Go through the entries below line by line and count those containing "with"; the answer is that count alone.
****************
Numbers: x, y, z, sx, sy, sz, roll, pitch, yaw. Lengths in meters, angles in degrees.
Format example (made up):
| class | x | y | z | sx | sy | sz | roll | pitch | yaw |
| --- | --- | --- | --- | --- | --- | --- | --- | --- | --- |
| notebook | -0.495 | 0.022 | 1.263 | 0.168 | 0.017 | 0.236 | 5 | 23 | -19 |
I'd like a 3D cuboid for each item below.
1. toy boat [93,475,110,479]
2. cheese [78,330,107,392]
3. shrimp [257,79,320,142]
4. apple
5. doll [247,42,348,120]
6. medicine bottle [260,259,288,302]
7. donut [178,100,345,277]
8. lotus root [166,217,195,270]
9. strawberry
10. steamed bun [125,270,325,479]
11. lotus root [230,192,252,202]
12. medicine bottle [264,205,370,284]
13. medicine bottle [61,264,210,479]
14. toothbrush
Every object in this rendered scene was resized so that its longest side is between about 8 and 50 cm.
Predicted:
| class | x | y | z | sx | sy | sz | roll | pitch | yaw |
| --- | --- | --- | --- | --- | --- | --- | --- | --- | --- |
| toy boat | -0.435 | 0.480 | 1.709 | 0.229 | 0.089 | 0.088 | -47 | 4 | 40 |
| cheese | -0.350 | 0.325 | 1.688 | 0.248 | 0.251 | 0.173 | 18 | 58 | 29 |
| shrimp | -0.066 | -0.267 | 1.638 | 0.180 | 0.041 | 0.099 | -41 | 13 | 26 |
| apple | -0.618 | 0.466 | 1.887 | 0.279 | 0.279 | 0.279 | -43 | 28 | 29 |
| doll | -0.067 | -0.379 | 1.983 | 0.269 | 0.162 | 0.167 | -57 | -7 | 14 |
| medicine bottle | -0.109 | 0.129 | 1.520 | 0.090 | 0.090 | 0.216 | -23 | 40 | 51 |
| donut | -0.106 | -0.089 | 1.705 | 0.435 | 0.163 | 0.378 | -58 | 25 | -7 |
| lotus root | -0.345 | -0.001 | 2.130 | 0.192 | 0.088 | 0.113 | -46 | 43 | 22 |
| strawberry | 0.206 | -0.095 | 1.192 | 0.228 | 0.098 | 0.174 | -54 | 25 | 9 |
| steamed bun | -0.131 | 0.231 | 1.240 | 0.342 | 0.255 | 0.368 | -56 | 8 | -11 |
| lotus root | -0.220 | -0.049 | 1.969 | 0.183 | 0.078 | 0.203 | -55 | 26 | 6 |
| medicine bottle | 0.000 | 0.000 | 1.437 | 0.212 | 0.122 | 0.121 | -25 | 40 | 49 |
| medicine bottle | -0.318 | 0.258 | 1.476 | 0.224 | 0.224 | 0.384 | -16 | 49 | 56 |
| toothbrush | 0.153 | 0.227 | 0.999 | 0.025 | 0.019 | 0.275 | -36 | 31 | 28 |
****************
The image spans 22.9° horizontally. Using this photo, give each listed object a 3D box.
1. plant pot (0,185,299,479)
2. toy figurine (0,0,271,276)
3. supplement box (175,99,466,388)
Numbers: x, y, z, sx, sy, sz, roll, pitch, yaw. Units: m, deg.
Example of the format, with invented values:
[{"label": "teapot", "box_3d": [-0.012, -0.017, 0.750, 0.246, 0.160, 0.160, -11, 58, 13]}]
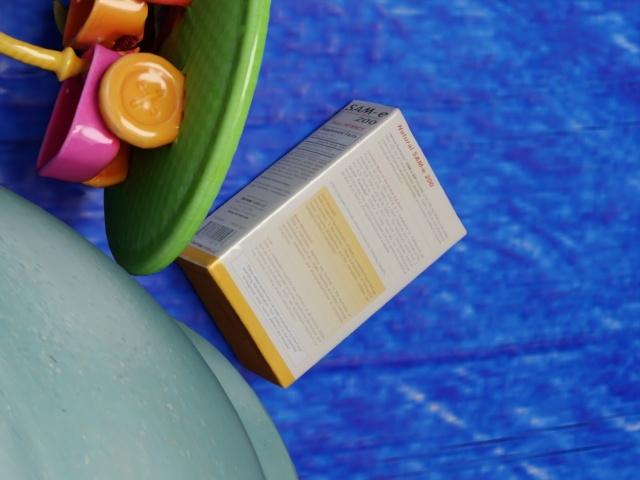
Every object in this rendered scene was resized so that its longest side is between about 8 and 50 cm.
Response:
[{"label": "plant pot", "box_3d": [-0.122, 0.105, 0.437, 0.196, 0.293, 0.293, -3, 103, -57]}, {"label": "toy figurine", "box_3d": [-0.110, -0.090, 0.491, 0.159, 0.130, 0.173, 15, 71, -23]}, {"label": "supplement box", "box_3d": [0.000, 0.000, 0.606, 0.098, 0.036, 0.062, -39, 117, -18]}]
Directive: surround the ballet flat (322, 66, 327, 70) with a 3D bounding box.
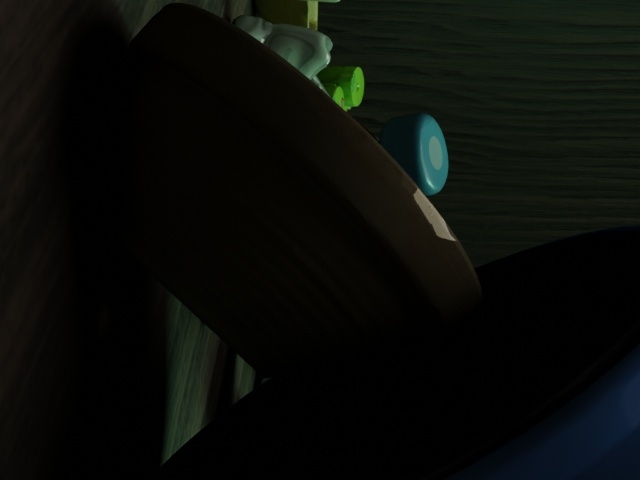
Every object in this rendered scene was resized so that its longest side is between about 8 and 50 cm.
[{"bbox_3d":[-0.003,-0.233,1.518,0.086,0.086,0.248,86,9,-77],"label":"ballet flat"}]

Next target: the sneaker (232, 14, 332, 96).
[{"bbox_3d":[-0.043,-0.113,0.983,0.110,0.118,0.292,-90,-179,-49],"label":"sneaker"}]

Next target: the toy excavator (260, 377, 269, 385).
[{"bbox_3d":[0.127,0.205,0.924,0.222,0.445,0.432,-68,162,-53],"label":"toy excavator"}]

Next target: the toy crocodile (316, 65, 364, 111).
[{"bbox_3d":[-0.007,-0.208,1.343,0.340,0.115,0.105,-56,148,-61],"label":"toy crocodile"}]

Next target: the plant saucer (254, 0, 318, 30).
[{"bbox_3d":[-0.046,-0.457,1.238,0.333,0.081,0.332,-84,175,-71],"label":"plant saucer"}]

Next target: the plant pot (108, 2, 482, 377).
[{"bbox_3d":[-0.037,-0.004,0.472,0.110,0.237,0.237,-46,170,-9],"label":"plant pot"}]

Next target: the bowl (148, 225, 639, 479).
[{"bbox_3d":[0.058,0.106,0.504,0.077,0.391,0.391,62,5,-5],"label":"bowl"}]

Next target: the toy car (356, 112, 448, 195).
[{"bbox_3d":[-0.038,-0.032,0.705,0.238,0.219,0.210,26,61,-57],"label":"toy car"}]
****************
◆ **Response**
2